**TASK STATEMENT**
Give back exactly the lines of the data below, starting with the line that has "5) Rounding to" and going on through the line that has "Answer: 41%".

○ ○ ○ ○ ○

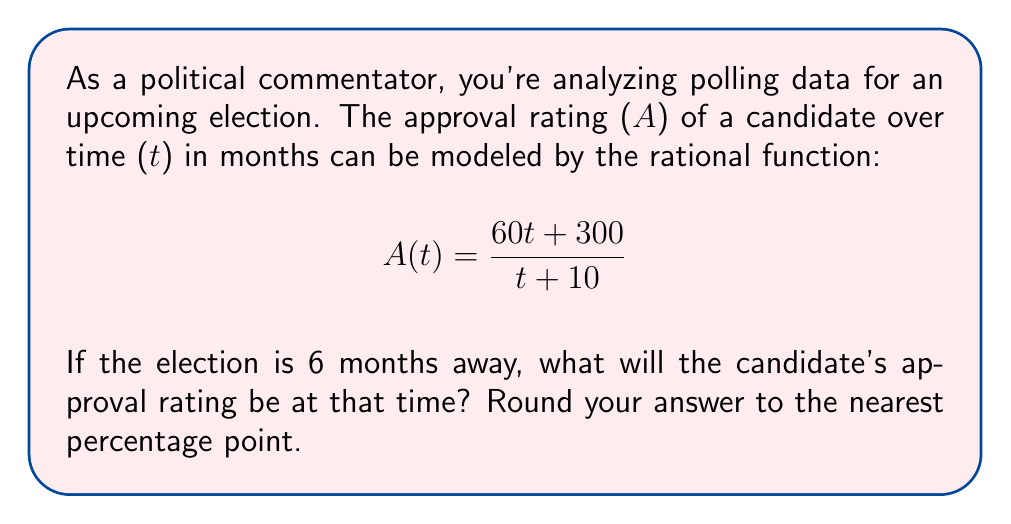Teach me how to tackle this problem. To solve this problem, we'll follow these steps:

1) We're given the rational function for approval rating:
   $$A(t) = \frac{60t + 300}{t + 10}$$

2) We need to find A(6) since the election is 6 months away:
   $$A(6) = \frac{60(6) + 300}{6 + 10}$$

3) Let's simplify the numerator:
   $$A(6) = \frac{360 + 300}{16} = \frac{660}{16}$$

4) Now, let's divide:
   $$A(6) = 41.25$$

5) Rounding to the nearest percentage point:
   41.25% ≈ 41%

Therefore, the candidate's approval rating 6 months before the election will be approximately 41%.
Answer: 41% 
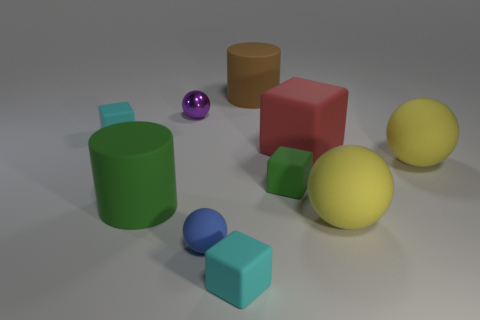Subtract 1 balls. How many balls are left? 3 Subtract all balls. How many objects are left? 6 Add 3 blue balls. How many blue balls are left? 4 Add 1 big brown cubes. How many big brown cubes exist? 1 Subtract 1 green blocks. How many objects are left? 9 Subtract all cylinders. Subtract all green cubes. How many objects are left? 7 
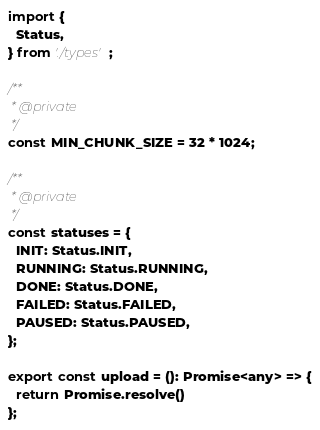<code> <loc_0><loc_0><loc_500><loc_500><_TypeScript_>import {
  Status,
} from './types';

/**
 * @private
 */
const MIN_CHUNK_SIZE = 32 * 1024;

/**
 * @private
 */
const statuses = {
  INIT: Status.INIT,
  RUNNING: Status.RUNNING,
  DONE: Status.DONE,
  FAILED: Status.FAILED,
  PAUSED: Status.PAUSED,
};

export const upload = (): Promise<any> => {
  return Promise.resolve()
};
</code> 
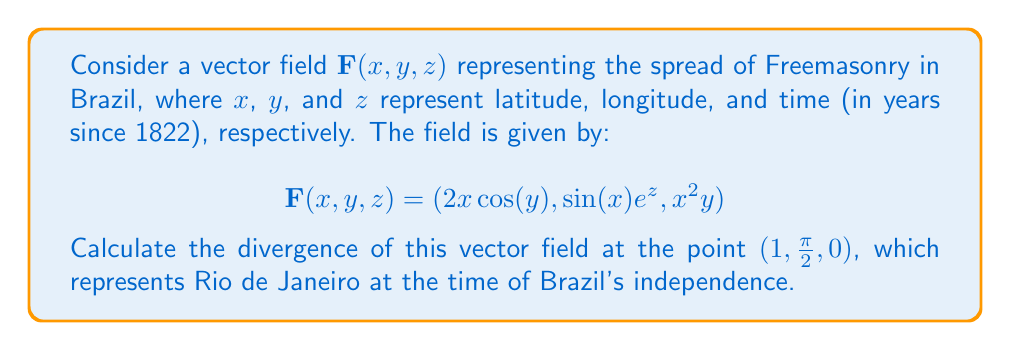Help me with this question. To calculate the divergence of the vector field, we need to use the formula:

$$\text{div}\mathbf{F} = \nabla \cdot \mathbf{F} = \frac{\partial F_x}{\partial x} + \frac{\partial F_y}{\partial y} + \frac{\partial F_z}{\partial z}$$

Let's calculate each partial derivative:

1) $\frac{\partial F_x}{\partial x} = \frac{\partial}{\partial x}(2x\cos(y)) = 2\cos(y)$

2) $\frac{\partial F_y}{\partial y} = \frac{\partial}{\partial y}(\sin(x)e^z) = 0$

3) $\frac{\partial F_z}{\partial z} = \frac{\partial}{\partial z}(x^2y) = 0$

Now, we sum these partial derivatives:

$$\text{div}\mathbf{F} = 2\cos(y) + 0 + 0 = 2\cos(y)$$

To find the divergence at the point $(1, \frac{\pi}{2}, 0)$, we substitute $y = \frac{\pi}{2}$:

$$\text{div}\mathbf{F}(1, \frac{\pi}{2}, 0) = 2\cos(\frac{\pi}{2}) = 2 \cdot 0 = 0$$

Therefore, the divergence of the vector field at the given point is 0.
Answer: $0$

○ ○ ○ ○ ○

**EXPECTED ANSWER**
5) Rounding to the nearest percentage point:
   41.25% ≈ 41%

Therefore, the candidate's approval rating 6 months before the election will be approximately 41%.
Answer: 41% 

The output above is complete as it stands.